[Items from a dataset]
○ ○ ○ ○

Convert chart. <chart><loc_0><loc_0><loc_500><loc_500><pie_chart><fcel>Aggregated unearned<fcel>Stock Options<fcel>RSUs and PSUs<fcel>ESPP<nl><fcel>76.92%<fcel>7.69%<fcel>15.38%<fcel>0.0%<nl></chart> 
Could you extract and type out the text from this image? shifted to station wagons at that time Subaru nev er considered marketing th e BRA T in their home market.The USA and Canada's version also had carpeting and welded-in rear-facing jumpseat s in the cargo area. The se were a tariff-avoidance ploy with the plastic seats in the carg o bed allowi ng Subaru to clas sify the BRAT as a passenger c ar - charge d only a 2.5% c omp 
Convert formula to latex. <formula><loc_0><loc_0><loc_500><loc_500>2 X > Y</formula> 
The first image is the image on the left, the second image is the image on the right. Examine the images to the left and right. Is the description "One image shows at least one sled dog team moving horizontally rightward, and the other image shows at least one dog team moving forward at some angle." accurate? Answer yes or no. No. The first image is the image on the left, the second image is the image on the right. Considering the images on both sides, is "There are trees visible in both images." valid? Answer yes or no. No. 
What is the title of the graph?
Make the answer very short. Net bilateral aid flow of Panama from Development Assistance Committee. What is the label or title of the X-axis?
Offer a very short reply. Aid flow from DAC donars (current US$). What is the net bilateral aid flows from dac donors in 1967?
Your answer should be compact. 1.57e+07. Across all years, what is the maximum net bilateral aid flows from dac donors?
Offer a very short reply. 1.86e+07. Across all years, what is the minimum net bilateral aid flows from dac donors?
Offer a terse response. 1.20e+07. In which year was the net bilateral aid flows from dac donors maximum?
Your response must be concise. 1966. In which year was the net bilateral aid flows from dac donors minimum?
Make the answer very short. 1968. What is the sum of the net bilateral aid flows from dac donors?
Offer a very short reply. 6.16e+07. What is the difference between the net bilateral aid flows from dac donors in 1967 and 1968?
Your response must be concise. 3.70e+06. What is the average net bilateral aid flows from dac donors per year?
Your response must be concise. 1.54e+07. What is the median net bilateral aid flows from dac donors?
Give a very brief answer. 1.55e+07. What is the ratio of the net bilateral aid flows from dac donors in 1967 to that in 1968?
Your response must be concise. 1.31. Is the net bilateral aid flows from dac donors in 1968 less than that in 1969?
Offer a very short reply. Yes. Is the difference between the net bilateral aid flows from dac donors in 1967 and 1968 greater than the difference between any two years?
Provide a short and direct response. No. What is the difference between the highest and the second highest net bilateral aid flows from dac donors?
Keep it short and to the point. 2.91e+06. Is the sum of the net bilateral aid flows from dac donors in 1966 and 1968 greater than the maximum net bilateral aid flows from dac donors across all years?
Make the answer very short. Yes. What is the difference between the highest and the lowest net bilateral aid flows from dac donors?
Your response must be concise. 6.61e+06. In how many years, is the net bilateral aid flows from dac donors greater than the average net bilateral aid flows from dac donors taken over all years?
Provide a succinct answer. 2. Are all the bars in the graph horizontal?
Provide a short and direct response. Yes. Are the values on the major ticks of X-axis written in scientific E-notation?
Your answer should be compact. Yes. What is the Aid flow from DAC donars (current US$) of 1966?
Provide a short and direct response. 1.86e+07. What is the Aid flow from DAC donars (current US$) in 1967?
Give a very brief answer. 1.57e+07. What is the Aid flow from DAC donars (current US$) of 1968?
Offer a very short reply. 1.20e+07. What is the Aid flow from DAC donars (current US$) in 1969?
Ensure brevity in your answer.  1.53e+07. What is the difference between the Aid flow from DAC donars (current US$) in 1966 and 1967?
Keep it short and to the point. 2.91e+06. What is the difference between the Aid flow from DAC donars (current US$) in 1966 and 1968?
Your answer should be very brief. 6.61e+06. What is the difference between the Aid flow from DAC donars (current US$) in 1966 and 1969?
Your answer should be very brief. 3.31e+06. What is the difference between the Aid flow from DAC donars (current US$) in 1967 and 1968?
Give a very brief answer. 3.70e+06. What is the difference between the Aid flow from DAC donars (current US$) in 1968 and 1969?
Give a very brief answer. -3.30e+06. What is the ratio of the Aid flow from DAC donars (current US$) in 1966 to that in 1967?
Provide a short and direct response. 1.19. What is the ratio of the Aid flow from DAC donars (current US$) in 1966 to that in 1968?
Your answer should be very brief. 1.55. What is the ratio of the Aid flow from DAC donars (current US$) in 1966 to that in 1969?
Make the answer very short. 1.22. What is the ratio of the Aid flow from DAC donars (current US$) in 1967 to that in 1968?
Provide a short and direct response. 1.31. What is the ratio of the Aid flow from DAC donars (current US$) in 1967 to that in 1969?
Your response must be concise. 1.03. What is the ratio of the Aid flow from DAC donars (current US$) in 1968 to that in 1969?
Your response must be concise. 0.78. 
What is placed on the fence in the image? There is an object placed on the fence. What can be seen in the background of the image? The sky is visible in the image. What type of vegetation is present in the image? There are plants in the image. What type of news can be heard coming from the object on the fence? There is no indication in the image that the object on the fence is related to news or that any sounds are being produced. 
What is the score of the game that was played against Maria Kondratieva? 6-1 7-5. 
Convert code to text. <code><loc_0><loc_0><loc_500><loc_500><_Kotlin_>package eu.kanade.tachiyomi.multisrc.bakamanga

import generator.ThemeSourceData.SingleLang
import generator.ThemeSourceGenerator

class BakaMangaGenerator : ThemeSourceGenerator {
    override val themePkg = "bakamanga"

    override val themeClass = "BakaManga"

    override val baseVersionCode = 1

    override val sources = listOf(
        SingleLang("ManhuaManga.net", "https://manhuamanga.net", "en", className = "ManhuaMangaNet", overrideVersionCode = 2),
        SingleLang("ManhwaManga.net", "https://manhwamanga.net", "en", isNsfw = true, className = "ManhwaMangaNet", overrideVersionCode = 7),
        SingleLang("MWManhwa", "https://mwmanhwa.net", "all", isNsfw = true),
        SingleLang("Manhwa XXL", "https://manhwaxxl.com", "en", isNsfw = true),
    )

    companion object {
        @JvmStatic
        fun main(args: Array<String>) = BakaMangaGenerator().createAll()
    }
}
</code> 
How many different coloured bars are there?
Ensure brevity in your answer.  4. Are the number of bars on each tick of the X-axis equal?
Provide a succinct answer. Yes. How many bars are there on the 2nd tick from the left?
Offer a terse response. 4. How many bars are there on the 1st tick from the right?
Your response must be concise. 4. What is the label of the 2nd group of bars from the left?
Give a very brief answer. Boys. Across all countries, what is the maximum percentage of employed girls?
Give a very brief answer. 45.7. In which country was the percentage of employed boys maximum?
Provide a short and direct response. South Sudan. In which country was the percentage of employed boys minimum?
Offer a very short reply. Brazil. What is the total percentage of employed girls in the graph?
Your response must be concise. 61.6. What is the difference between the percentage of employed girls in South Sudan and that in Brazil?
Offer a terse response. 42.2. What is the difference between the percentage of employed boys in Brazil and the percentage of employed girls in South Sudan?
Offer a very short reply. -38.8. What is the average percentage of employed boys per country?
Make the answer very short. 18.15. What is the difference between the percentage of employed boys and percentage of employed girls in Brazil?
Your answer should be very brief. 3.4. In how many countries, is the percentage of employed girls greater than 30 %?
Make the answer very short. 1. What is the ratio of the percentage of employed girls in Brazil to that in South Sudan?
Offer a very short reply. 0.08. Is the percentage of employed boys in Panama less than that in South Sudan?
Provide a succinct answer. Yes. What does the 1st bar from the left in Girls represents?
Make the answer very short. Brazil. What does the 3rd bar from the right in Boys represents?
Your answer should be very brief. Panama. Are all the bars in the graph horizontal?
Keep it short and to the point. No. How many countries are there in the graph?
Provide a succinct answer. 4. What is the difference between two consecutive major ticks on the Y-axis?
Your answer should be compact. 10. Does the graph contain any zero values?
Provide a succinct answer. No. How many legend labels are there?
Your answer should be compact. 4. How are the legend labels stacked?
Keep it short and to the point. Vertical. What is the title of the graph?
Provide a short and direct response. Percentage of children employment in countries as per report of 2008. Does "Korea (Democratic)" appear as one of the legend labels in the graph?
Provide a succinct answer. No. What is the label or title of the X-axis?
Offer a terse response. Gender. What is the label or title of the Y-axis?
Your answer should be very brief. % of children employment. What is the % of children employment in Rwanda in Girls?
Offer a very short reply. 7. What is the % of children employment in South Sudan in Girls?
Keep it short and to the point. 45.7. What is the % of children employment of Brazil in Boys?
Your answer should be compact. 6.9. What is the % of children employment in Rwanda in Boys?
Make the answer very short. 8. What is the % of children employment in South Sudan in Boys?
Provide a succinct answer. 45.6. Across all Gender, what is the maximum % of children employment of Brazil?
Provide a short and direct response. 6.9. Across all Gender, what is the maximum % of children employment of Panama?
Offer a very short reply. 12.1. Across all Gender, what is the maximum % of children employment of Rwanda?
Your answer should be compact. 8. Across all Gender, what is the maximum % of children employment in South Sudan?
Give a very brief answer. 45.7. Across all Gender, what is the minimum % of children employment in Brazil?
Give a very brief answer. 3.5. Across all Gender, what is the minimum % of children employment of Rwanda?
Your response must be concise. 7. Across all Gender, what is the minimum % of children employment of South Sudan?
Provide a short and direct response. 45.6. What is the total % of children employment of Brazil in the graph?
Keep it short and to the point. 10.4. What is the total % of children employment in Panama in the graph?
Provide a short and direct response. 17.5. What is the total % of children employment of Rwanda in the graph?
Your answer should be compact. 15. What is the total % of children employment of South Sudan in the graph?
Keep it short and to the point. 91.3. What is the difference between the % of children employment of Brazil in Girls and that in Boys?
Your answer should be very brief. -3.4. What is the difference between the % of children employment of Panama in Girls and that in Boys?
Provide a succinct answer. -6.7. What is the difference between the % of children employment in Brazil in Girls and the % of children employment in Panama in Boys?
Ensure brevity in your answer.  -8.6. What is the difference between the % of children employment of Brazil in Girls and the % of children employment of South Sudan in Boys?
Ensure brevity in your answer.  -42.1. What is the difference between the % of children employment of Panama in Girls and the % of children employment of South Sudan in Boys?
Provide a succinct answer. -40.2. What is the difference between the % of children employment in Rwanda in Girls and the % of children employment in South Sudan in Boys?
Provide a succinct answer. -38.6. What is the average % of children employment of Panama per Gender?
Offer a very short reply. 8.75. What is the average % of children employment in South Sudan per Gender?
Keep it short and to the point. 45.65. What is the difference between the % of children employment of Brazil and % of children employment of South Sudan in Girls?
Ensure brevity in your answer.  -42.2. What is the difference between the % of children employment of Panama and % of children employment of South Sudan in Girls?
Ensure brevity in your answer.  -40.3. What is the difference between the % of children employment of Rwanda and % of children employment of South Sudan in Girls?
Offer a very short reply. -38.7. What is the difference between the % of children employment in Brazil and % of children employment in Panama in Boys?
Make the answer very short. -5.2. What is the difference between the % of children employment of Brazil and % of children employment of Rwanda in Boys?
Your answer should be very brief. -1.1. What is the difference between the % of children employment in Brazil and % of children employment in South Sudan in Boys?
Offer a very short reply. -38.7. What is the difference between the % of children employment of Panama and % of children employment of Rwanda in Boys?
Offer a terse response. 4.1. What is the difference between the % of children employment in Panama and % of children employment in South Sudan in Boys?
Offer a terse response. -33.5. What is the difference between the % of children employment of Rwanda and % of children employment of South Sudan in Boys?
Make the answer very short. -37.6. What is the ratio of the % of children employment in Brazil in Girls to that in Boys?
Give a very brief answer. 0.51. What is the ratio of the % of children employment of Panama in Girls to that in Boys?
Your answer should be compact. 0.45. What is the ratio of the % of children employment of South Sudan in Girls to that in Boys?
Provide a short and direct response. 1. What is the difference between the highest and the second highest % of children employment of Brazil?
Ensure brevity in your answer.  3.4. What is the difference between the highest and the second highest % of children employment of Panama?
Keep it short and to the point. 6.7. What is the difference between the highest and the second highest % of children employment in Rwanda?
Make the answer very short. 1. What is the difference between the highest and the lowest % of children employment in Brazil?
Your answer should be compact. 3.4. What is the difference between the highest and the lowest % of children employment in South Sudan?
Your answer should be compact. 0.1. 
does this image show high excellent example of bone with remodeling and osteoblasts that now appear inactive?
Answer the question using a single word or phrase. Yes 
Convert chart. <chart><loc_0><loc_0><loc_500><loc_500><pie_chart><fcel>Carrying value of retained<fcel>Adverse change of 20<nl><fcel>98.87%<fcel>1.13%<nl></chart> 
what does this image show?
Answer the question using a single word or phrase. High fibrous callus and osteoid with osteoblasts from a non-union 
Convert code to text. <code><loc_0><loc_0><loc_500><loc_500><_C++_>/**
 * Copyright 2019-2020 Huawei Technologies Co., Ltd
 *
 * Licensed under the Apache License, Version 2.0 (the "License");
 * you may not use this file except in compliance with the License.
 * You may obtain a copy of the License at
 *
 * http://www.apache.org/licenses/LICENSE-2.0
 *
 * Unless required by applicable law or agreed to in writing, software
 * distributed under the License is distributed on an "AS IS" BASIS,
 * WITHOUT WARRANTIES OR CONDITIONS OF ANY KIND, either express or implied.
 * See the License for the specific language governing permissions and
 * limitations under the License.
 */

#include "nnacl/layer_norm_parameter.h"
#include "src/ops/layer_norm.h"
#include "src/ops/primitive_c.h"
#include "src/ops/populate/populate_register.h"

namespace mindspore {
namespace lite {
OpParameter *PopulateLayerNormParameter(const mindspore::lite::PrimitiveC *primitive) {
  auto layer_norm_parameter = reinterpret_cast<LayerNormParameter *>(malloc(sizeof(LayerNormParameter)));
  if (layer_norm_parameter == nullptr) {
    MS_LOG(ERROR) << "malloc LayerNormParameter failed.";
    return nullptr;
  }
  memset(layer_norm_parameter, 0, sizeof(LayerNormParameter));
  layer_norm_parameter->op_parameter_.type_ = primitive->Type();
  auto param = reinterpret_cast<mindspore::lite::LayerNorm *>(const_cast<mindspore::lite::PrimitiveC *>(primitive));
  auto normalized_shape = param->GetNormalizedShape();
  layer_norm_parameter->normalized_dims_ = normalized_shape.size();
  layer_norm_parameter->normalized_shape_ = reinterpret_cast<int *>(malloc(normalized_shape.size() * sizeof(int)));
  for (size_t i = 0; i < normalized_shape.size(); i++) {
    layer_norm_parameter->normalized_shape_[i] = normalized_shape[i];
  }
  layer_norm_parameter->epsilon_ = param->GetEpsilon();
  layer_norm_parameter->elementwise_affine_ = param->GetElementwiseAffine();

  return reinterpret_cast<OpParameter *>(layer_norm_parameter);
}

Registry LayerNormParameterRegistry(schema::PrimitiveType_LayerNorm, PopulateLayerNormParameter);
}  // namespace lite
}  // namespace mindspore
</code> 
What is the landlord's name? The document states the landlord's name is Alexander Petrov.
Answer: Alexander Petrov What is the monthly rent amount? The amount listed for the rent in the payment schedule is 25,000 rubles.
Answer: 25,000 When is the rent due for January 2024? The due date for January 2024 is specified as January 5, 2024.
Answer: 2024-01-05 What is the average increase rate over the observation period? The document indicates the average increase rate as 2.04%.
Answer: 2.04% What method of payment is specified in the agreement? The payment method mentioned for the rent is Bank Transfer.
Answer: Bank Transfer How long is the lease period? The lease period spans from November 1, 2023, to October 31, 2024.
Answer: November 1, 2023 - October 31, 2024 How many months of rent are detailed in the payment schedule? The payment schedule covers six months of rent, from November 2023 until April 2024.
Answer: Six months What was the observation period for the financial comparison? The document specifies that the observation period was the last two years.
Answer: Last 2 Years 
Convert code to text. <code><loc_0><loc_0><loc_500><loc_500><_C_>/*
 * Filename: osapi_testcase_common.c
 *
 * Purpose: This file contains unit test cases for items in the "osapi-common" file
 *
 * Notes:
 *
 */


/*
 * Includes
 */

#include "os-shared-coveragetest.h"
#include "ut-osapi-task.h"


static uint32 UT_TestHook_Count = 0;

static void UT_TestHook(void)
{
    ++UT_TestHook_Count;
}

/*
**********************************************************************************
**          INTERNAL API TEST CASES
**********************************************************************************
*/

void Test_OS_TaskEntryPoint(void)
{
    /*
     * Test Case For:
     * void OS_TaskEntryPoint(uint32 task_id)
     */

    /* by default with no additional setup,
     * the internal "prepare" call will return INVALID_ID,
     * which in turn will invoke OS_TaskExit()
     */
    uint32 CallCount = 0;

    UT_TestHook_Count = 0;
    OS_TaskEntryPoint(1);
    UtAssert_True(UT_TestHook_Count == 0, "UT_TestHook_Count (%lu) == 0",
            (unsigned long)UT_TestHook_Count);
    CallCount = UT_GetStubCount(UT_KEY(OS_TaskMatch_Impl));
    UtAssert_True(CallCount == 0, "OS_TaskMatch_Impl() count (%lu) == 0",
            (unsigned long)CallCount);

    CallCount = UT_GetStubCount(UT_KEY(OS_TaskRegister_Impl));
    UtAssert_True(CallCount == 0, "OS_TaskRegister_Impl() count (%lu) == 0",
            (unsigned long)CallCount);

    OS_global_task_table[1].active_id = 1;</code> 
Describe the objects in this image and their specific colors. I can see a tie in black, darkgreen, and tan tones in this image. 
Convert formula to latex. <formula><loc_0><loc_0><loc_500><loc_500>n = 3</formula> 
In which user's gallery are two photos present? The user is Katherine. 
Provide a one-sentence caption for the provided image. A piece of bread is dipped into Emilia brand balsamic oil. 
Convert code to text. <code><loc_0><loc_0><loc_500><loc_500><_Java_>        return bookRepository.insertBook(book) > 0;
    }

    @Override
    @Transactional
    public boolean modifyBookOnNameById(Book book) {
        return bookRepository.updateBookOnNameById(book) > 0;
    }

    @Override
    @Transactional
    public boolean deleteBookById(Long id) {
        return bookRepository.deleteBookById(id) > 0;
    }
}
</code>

○ ○ ○ ○

Directions for this task: Whenever a line of the data above holds the word "bookRepository", it counts once; report the total number of such lines and nothing more.

Reply to the task: 3